Dr. Rader is on the editorial boards of Arteriosclerosis Thrombosis and Vascular Biology, American Journal of Physiology (Endocrinology and Metabolism), Circulation, Circulation Research, and Trends in Molecular Medicine and is a reviewer for many journals, including Nature, Nature Medicine, Science, New England Journal of Medicine, and Journal of Clinical Investigation. Dr. Rader has authored over 120 peer-reviewed publications as well as many reviews and book chapters. He has written the chapters on lipid disorders and management for several textbooks including Kelley's Textbook of Internal Medicine, Topol's Textbook of Cardiovascular Medicine, and Nelson's Textbook of Pediatrics. He is a frequently invited speaker nationally and internationally on his basic and clinical research in lipoprotein metabolism, atherosclerosis, genetics, and gene therapy and on clinical topics such as novel approaches to cardiovascular risk assessment and management of lipid disorders.
Abstract
Genetics of Lipid Metabolism and Atherosclerosis
Atherosclerotic cardiovascular disease (ASCVD) remains epidemic in the U.S. and most of the world.

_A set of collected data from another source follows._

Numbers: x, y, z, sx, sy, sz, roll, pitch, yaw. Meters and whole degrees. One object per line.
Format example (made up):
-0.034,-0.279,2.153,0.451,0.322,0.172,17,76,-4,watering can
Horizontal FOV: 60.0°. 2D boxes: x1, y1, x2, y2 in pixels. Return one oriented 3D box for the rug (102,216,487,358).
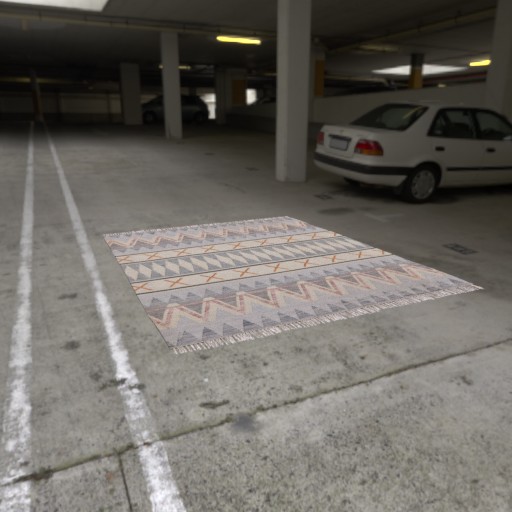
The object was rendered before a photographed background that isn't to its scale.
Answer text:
0.000,0.000,4.075,2.371,0.012,3.000,-8,18,-24,rug
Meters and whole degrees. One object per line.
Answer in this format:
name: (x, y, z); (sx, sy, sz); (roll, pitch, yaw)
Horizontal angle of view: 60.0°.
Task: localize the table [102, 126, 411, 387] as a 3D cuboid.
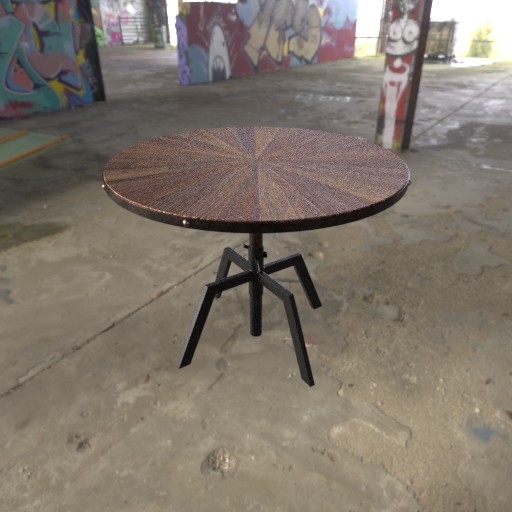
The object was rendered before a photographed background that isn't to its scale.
table: (0.000, 0.000, 1.490); (0.885, 0.658, 0.885); (0, 29, 0)

Effective prevention requires accurate identification of those at risk and institution of therapies that reduce risk. Stabilization and regression of atherosclerosis require development of new therapeutic interventions that are effective and complement existing therapies. A better understanding of the genetics of atherosclerosis and its risk factors will provide greater ability to predict future risk as well as lead to new targets for therapeutic intervention. Plasma lipoprotein metabolism is intimately related to the development of atherosclerosis. Plasma low-density lipoprotein (LDL) cholesterol is directly associated and plasma high-density (HDL) cholesterol inversely associated with ASCVD. Reduction of LDL-C is proven to reduce risk although only by about one-third over 5 years. The effects of raising HDL-C are uncertain as highly effective HDL-raising interventions are not yet available. Our broad goal is to investigate the role of genetic variation in determining levels of LDL-C and HDL-C and translate those findings into new abilities to predict, prevent, and regress atherosclerosis.
Specific Aims:
- Determine the safety and efficacy of pharmacologic inhibiton of the microsomal transfer protein (MTP) in patients with homozygous FH. Investigate the effects of MTP inhibition in homozygous FH patients on in vivo lipoprotein metabolism and atherosclerosis.
- Investigate the molecular etiology of dominantly-inherited high HDL cholesterol using both linkage analysis and candidate gene approaches.
- Develop methods for quantitation of peripheral cholesterol mobilization and reverse cholesterol transport in humans and apply them to the investigation of existing and novel therapeutic approaches targeted toward HDL metabolism.
These studies work toward an era in which genetics will allow us to identify high-risk individuals well before their clinical event and to design new therapies that will allow us to effectively prevent and regress atherosclerosis.